The three-views cement
These three sentences all say the exact same thing. When you can flip between them freely, you own the logarithm:
count the doublings from 1 to 8 = "2 to the WHAT gives 8" = log2(8)
3 3 3
- Count the doublings is how you compute it by hand (this lesson).
- "2 to the what" is the inverse-of-an-exponent view (lesson 00-17 ran the exponent forward; the log runs it backward).
log2is the symbol you will read in every paper.
Same number, three costumes.
One honest note about the decimal
You can get the integer answers (log2(8) = 3) purely by counting. The DECIMAL part (log2(3) = 1.585) needs the fractional exponents and roots from lesson 00-19, which is why that lesson came first. In code you will just call math.log2; by hand you can always state the integer bracket ("between 1 and 2, a bit past the middle, so about 1.585").
Build It
python phases/00-setup-and-tooling/20-logarithms/code/logs.py
Active recall
Produce the answer. Easiest first, so you secure a win before the hard one.
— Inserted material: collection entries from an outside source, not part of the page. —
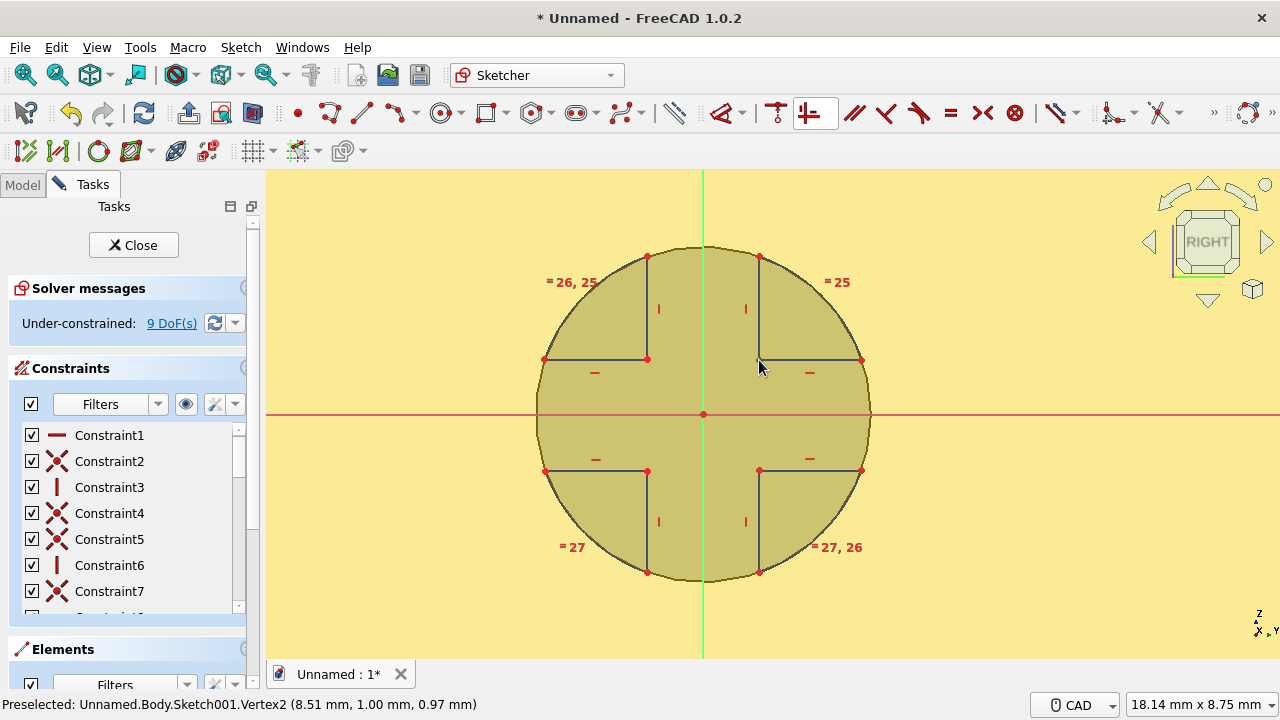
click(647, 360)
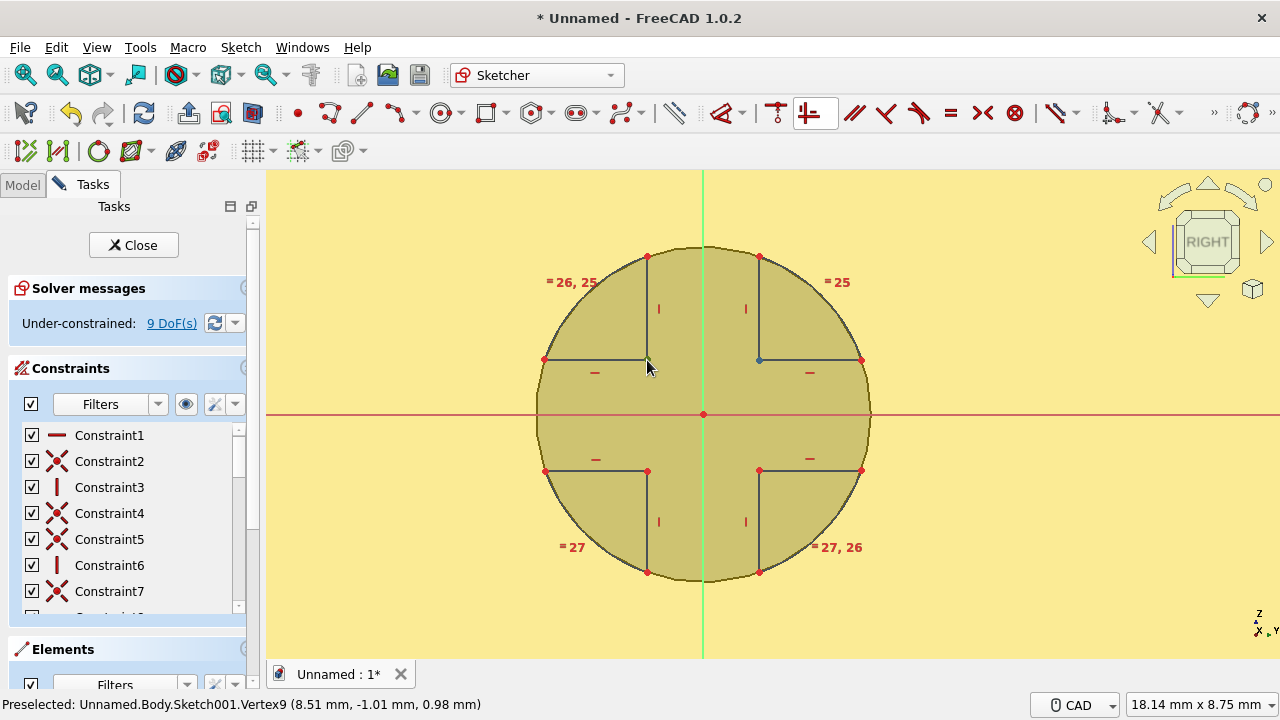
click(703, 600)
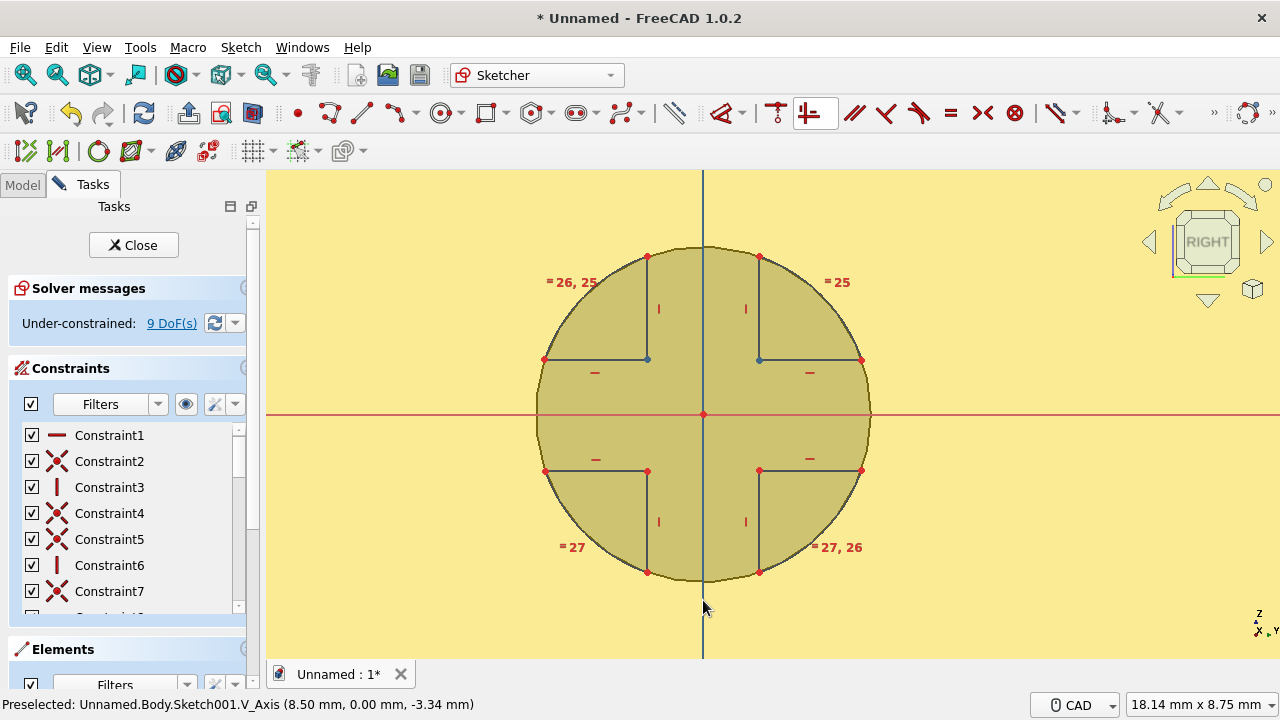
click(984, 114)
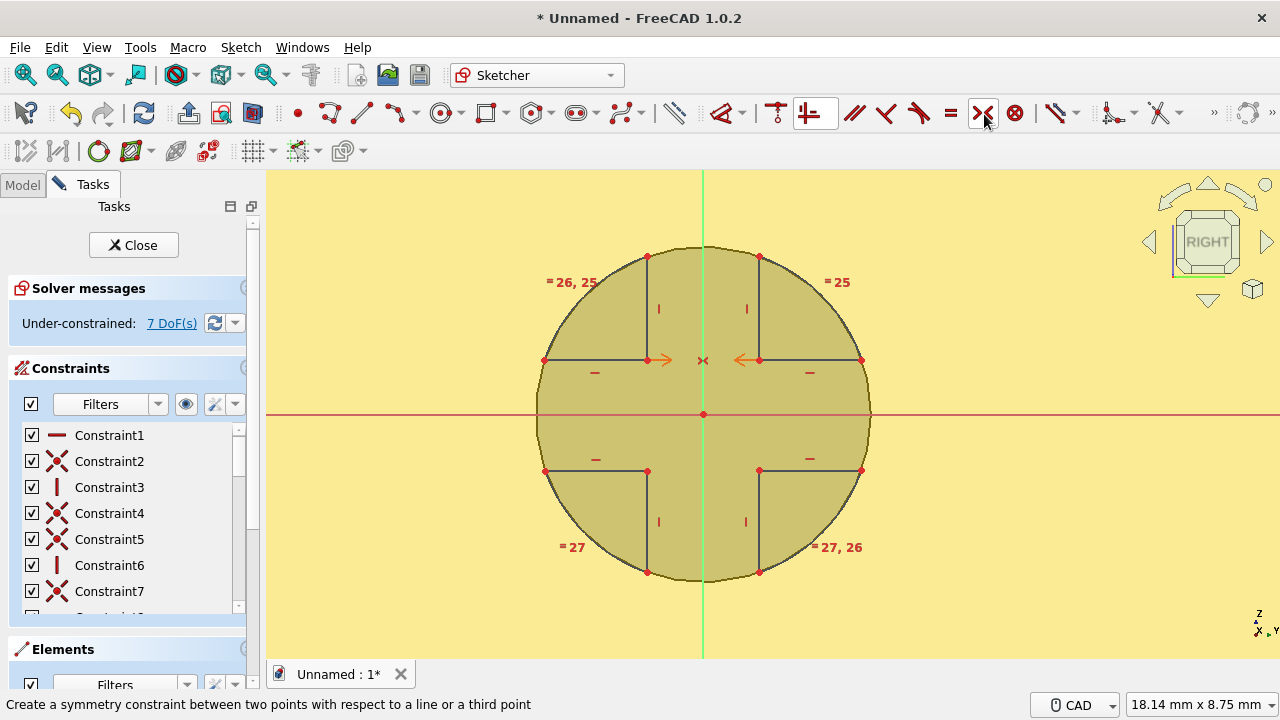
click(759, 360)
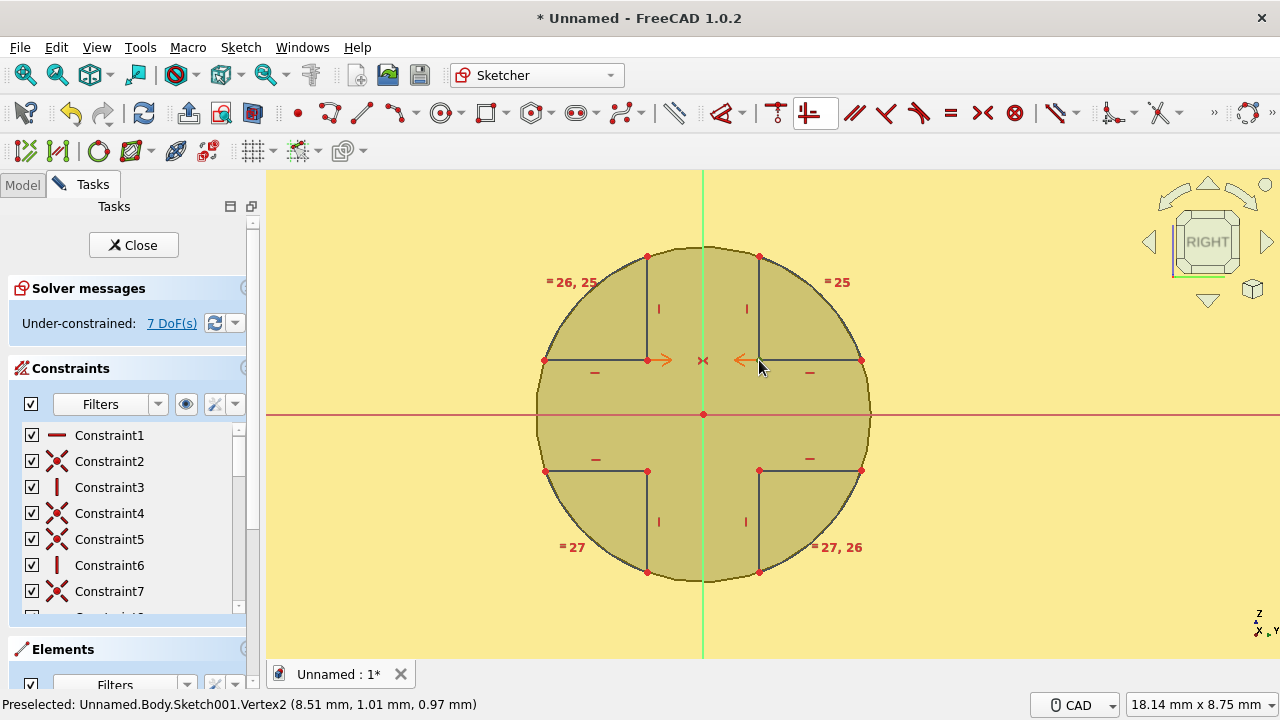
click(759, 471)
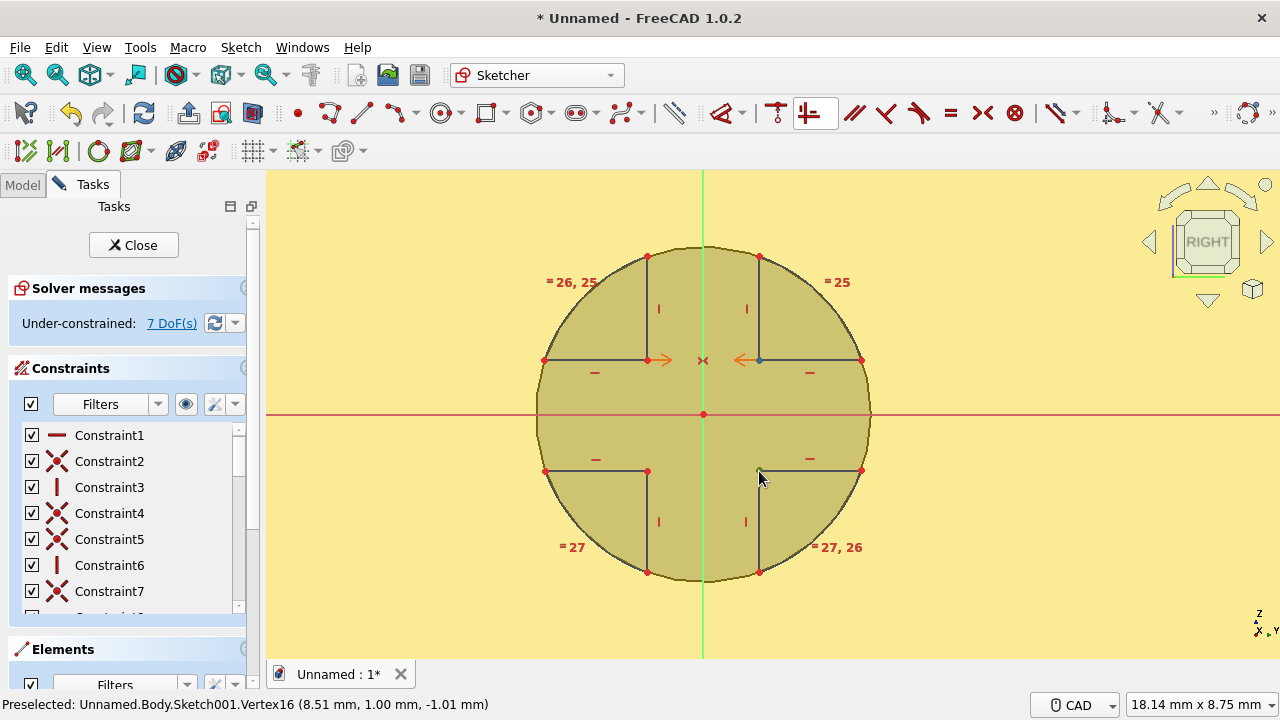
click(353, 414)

log2(4)= ? (count the doublings from 1)log2(8)= ? (do NOT divide 8 by 2; count the steps)log10(1000)= ? (how many times do you multiply by 10 from 1?)- Is
log2(3)closer to 1.5 or to 1.6, and why?
Answers: 2; 3; 3; closer to 1.6 (it is 1.585), because the exponent 1.5 only reaches 2.83, so you must go a bit past 1.5 to reach 3.
Why this matters for AI
Two of the most important numbers in this whole curriculum are logarithms. log2(3) = 1.585 is the bits-per-weight floor for a ternary value (three options: -1, 0, +1), the exact moat of the project and the source of the "1.58-bit" name. Perplexity, the headline quality number for any language model, is exp(cross-entropy), the inverse log that undoes the natural log hiding inside cross-entropy loss. If logs are fuzzy these are memorized trivia; once logs are a count of doublings, they are obvious.